Across the whole pipeline a human takes only four kinds of action:

  • Open an issue from the feature or bug template to start a feature. When you already have a Claude plan document, open from the Specification (from Claude plan) template (spec.md) and paste the plan into the body instead. That template applies a plan:provided marker, which puts the pipeline into translation mode: sdd-spec translates the plan into a structured spec rather than authoring one from a slim description, and sdd-triage translates the plan's architecture section into the architecture record. The marker clears once the architecture PR opens (or, on the fast path, the stub spec PR).
  • Comment a command to steer: /spec, /fastpath (or its alias /agile), /triage, /approve, /dispatch, /revise, or /execute. See the command table in shared/sdd-interaction.md.
  • Review and merge PRs. Merging a PR is the approval signal that advances the pipeline. No agent merges a PR; merge authority stays with humans and consumer CI.
  • Answer needs-human. When an agent cannot safely proceed, it applies the needs-human label and posts one comment with the blocker. Answer in a comment and clear the label; the agent re-reads the thread and resumes. See ADR 0001 (decisions/0001-needs-human.md in the repository root).
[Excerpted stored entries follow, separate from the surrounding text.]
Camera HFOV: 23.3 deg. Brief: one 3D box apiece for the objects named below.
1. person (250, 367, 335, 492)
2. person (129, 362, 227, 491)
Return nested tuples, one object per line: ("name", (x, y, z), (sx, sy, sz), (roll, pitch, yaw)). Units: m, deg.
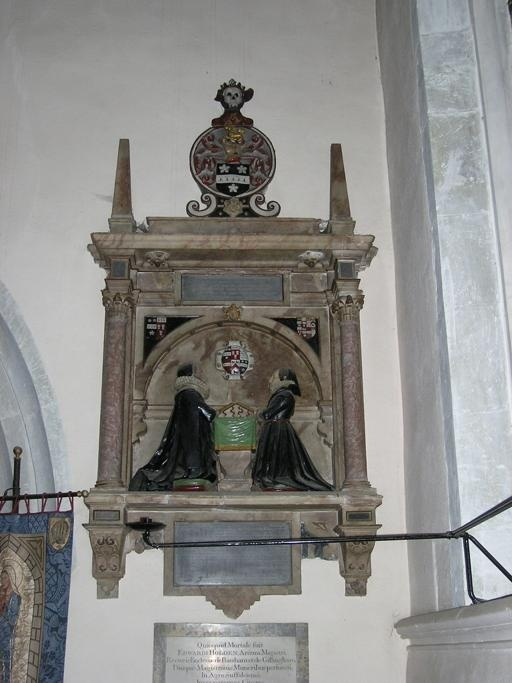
("person", (0.115, 0.464, 6.059), (0.515, 0.733, 0.395), (3, -23, 1))
("person", (-0.374, 0.497, 6.230), (0.531, 0.763, 0.436), (2, -12, -4))
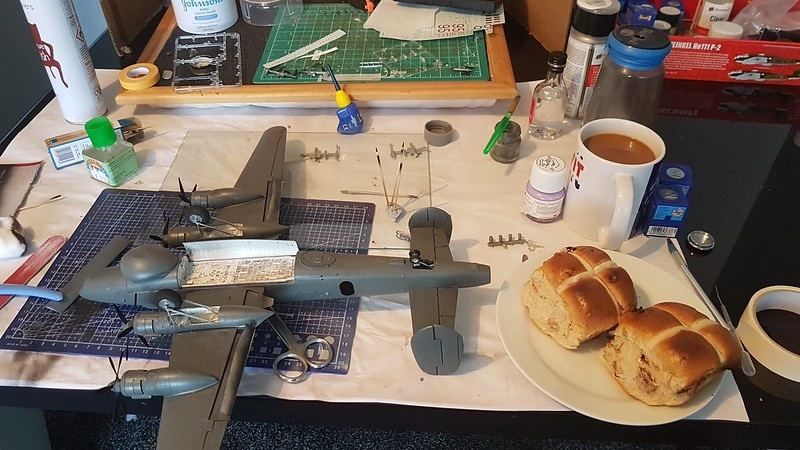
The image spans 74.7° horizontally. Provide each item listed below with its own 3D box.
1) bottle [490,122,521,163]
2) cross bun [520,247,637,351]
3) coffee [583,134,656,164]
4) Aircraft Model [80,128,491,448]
[{"bbox_3d":[0.418,-0.310,2.084,0.156,0.140,0.133,8,39,5],"label":"bottle"},{"bbox_3d":[0.515,0.241,1.562,0.319,0.100,0.263,-38,69,-17],"label":"cross bun"},{"bbox_3d":[0.734,-0.252,1.738,0.209,0.107,0.205,6,24,6],"label":"coffee"},{"bbox_3d":[-0.495,0.203,2.135,1.468,0.855,1.006,-16,47,-13],"label":"Aircraft Model"}]
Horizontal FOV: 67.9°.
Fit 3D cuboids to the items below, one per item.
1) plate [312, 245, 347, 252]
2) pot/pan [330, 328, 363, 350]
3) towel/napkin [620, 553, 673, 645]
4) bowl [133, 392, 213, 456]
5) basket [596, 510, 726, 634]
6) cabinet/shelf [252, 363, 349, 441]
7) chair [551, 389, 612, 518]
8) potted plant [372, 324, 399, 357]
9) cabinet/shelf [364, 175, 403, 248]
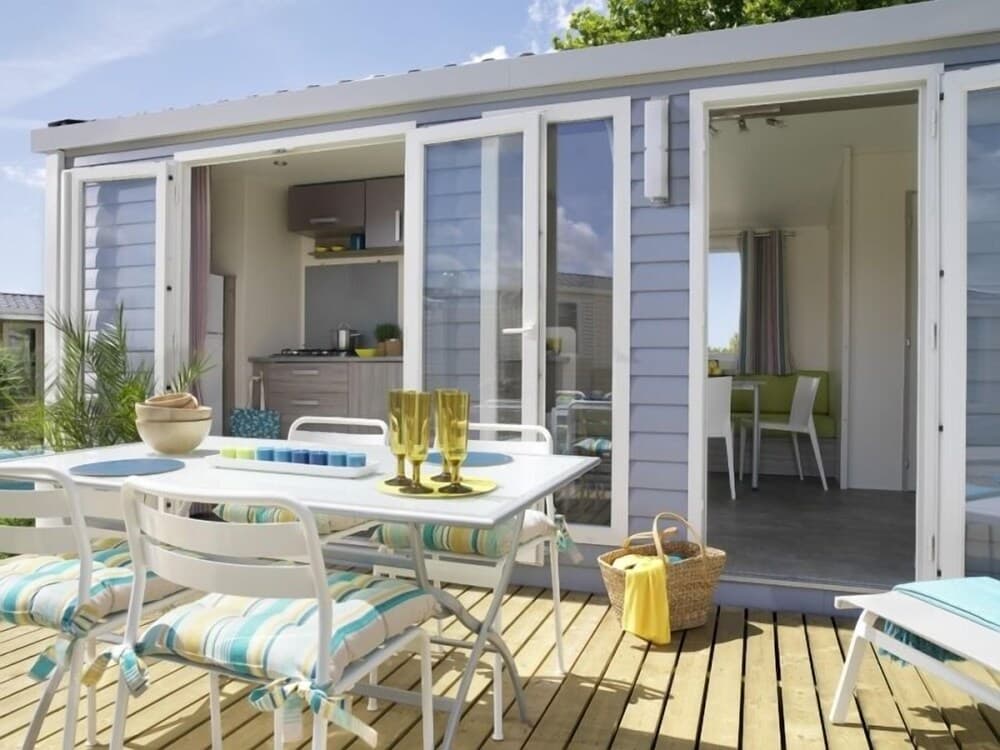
[{"bbox_3d":[-1.590,-1.175,6.927,0.432,0.063,0.149,6,12,31],"label":"plate"},{"bbox_3d":[-1.380,-0.339,6.731,0.304,0.186,0.311,-2,10,-11],"label":"pot/pan"},{"bbox_3d":[0.648,0.994,3.366,0.196,0.339,0.240,4,4,19],"label":"towel/napkin"},{"bbox_3d":[-1.231,0.158,2.853,0.237,0.250,0.196,5,2,18],"label":"bowl"},{"bbox_3d":[0.805,0.896,3.604,0.648,0.561,0.454,1,-4,-33],"label":"basket"},{"bbox_3d":[-1.620,0.388,6.496,0.993,0.965,0.561,-1,-2,12],"label":"cabinet/shelf"},{"bbox_3d":[0.433,0.418,4.031,0.282,0.627,0.323,4,3,12],"label":"chair"},{"bbox_3d":[-0.985,-0.325,6.560,0.226,0.250,0.526,-2,10,-10],"label":"potted plant"},{"bbox_3d":[-1.006,-1.417,6.439,0.380,0.582,0.115,4,11,20],"label":"cabinet/shelf"}]
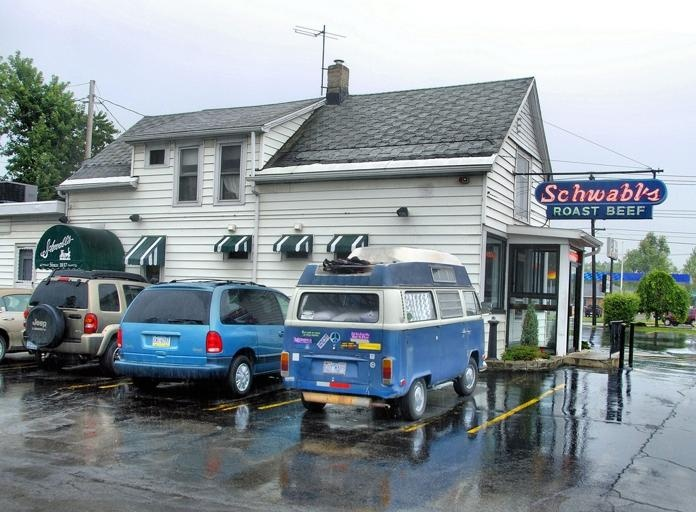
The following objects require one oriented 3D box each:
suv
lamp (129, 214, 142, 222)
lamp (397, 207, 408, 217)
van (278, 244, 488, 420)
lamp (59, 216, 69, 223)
[{"bbox_3d":[-5.647,1.233,14.099,1.816,1.426,3.044,1,3,29],"label":"suv"},{"bbox_3d":[-6.886,-1.211,20.249,0.285,0.179,0.292,4,5,45],"label":"lamp"},{"bbox_3d":[1.448,-1.180,16.861,0.324,0.256,0.322,2,0,20],"label":"lamp"},{"bbox_3d":[0.787,1.308,11.283,1.831,2.905,3.452,2,0,42],"label":"van"},{"bbox_3d":[-9.718,-1.234,21.405,0.301,0.304,0.596,2,0,-25],"label":"lamp"}]
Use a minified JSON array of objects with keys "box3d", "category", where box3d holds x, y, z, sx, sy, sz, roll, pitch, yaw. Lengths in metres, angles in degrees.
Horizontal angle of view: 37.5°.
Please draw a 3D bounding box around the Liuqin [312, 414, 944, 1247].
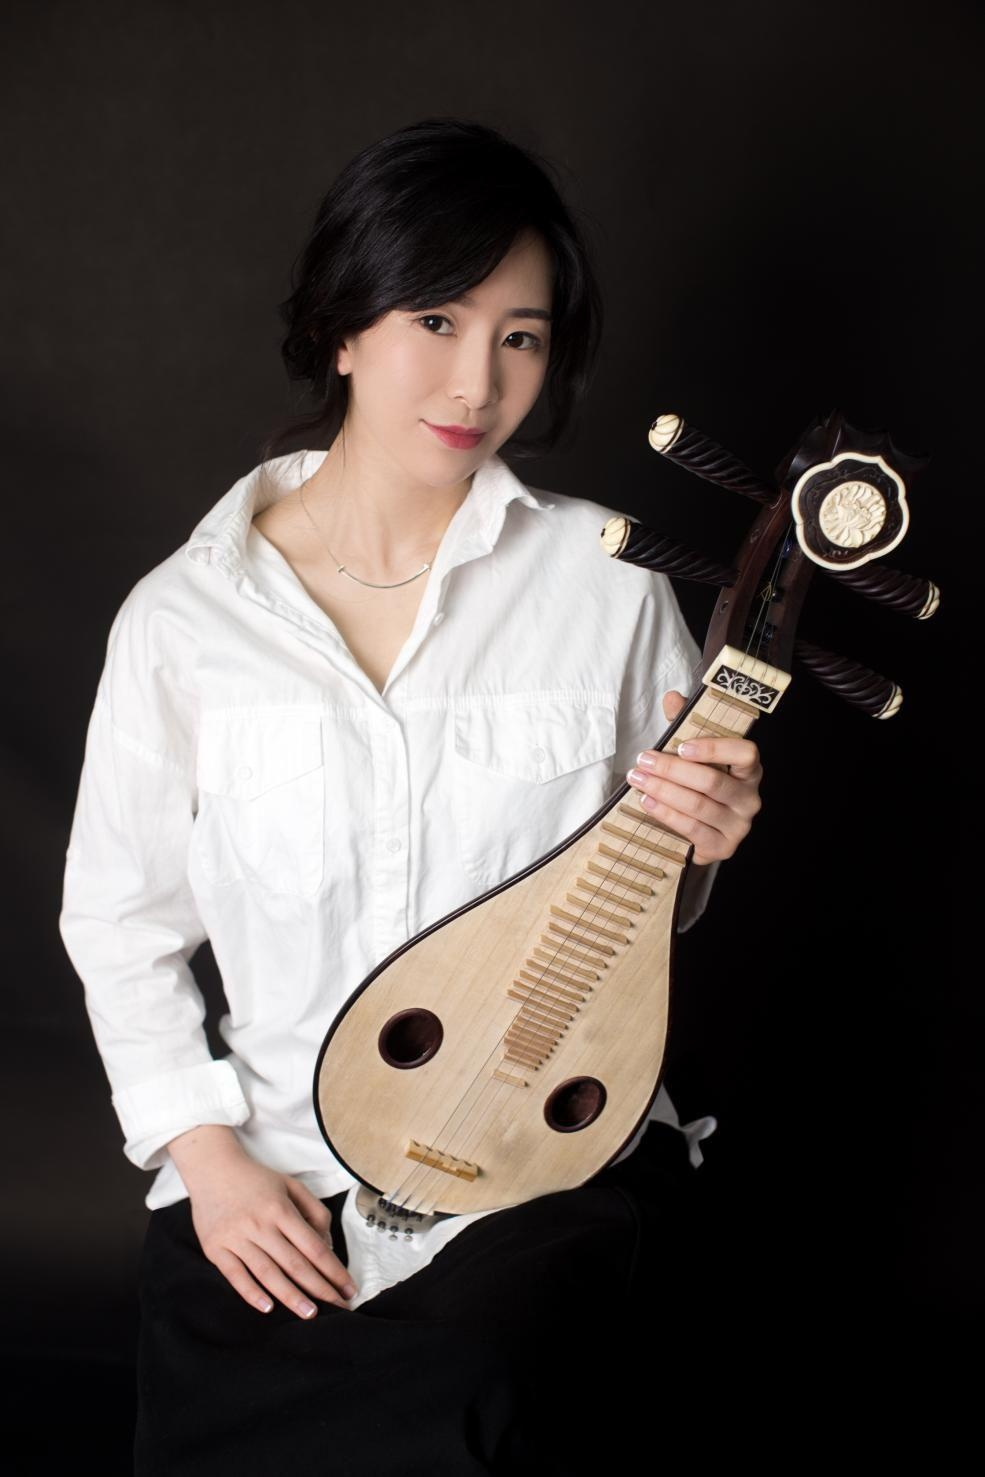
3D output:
[{"box3d":[0.123,0.145,1.693,0.453,1.100,0.221,33,13,-10],"category":"Liuqin"}]
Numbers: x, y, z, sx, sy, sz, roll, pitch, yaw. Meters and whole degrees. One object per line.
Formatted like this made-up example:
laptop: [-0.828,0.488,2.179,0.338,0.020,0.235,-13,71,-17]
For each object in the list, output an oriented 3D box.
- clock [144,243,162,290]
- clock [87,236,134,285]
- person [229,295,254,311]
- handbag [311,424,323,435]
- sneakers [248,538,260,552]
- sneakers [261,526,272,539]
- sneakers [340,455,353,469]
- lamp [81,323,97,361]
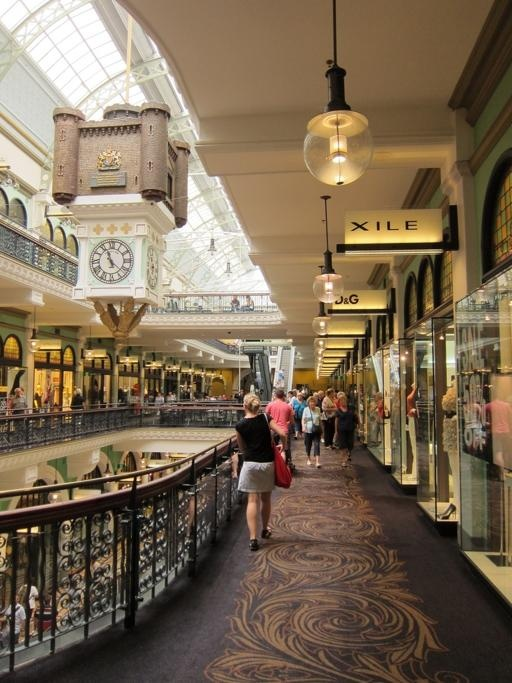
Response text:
clock: [-2.429,-1.709,11.975,0.068,1.050,1.124,-4,12,-24]
clock: [-3.240,-1.737,11.350,0.958,0.995,0.110,11,-12,6]
person: [-0.639,-1.731,24.007,1.288,0.678,0.900,-2,10,2]
handbag: [1.192,1.726,10.058,0.214,0.194,0.201,3,3,-5]
sneakers: [-0.033,1.805,4.587,0.063,0.061,0.144,1,-1,6]
sneakers: [0.103,1.854,4.988,0.070,0.079,0.185,-2,-26,4]
sneakers: [1.828,2.414,10.307,0.187,0.263,0.598,-2,-24,5]
lamp: [-7.450,0.071,22.281,0.488,1.432,1.071,7,-6,-17]

Giving feedback on a pull request

Every pull request the pipeline opens can be sent back for changes instead of merged. Feedback never opens a second pull request; the owning agent updates the existing one.

  • A spec PR or an architecture PR. Comment /revise <note> on the pull request. The owning agent — sdd-spec or sdd-triage — re-runs with the note as an added instruction and updates the same pull request. Repeat until it is right, then merge.
  • An implementation PR. Leave an inline review comment on the diff, or comment /revise <note> on the pull request. sdd-execute pushes follow-up commits to the same branch addressing it. A comment that needs a human decision is escalated through needs-human instead.

Where state lives

  • The spec and the architecture record are committed files, reviewed and merged as PRs and rendered into this docs site.
  • Tasks are GitHub sub-issues linked to the tracking issue.
  • Lifecycle is a single sdd:* label on the tracking issue.
  • Every human decision point is an issue or PR comment.

Validation is advisory by design. sdd-validate posts findings and escalates blockers through needs-human, but it is never a required status check and never blocks a merge. Human review plus consumer CI is the only merge gate.

Verification

  • Open a test issue from the feature template and confirm it carries both the kind:feature and sdd:spec labels.
  • Confirm templates/.github/labels.yml defines all eight sdd:* lifecycle labels, the sdd:dispatched, sdd:approved, plan:provided, and sdd:spike-resolved markers, the kind:spike label, and all three model:* tier labels.
  • Confirm shared/sdd-interaction.md states the lifecycle state machine, the command table, and the needs-human contract, and references decisions/0001-needs-human.md.